Magnesium Relaxes Muscles
Furthermore, as discussed in last month’s newsletter article, magnesium relaxes cramping muscles and calms nerve activity. Without sufficient magnesium, your body stays tense, your muscles slightly contracted. With the right amount of magnesium your body relaxes.
For this reason, magnesium supplementation proves to be especially helpful for people who lose sleep because of chronic pain or restless legs syndrome.
The Magnesium-Melatonin Connection
Finally, magnesium seems to also help maintain sleep-inducing levels of the hormone, melatonin. Many people have found relief from insomnia by supplementing with this hormone.

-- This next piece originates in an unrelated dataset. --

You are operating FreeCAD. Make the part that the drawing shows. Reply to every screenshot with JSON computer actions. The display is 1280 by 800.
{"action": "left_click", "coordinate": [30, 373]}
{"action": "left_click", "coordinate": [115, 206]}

But Somol and other practitioners are cautious about recommending melatonin, especially when treating fibromyalgia (FM) or chronic fatigue syndrome (CFS). In some cases, Somol has seen patients with these conditions experience more discomfort after taking melatonin. She also notes that while melatonin can help you fall asleep initially, it may not help you stay asleep unless it has sustained release properties.
Magnesium offers another route to better melatonin levels. While the research is preliminary, a recent study published in the journal Magnesium Research indicates that magnesium increases the activity level of an enzyme that helps produce melatonin.

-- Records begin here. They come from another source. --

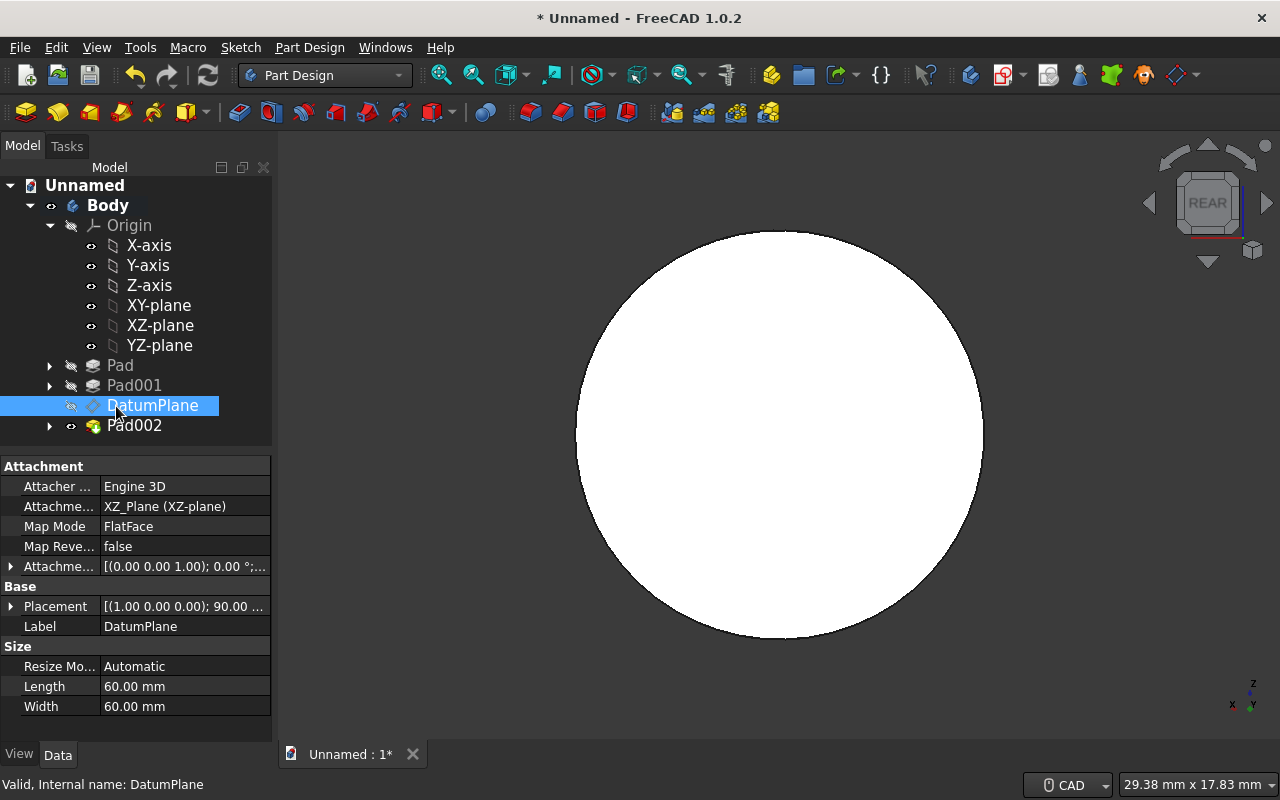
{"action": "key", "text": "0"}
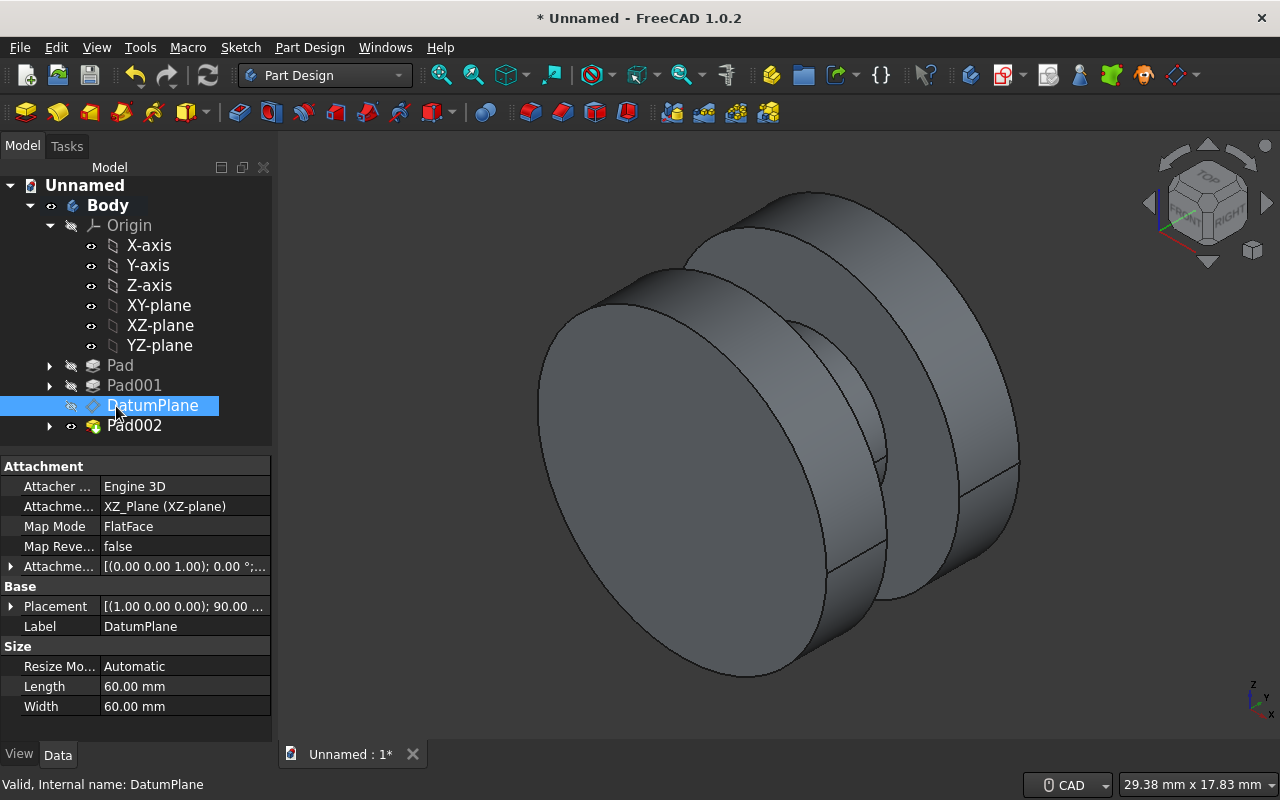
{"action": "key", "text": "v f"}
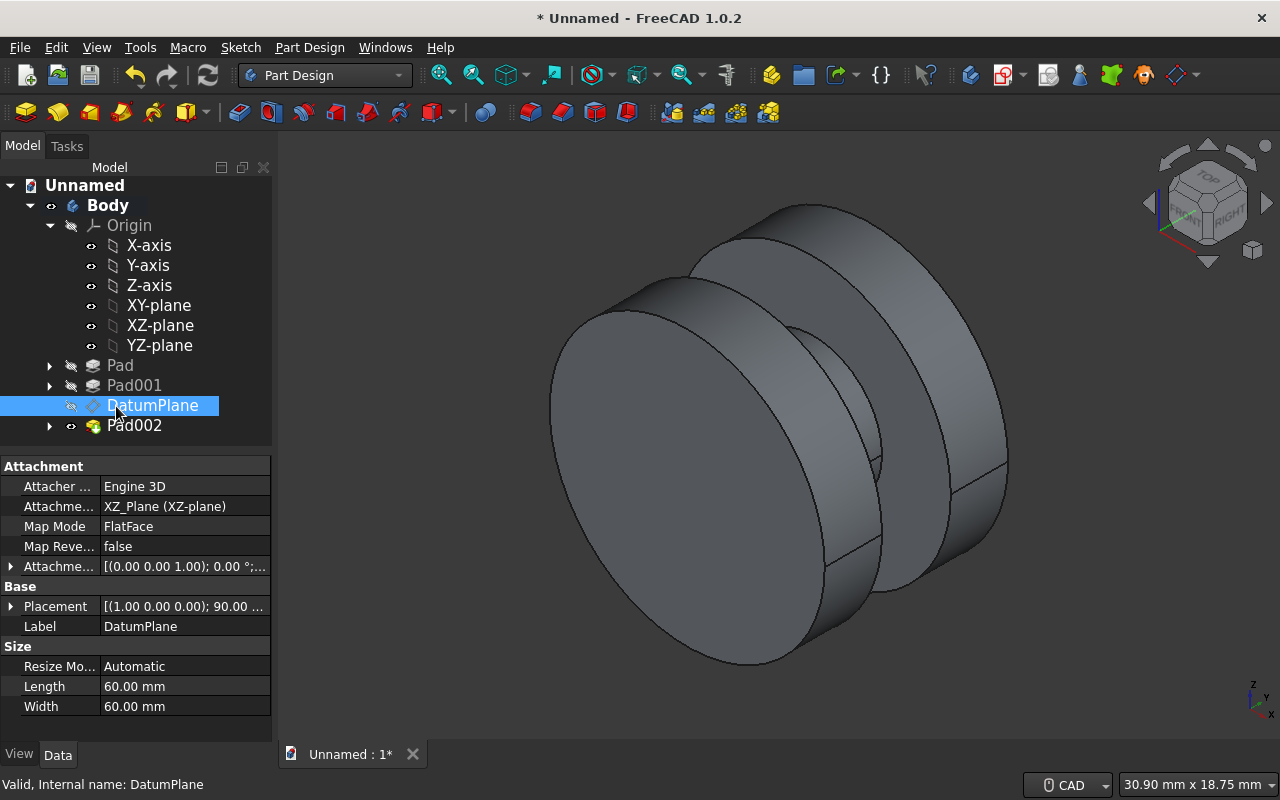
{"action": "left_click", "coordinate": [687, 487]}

Your Best Holiday Gift Ever
So ignore some of the holiday demands and carve out time for what your body demands – more rest. Celebrate the peacefulness and darkness of winter with a good night’s sleep.
If you need some extra help, try incorporating magnesium into your supplement regimen. Jigsaw’s Magnesium w/SRT (Sustained Release Technology) is highly absorbable and formulated to prevent the diarrhea that is associated with most magnesium supplementation.
The sleep it brings might be the best gift you can give yourself or someone you love.
To a healing Holiday Season!
- Personal interview Kris Somol 12/2/08
- H Moldofsky and P Scarisbrick, "Induction of neurasthenic musculoskeletal pain syndrome by selective sleep stage deprivation," Psychosomatic Medicine 1976; 38(1): 35-44.; CA Everson, "Sustained Sleep Deprivation Impairs Host Defense." AJP – Regulatory, Integrative and Comparative Physiology 1993; 265 (5), 1148-1154.
- Teitelbaum, p. 48.
- Teitelbaum J, Pain Free 1-2-3, McGraw-Hill, New York, 2006. p. 19
- Held K, "Oral Mg(2+) supplementation reverses age-related neuroendocrine and sleep EEG changes in humans," Pharmacopsychiatry 2002; 35(4), 135-43.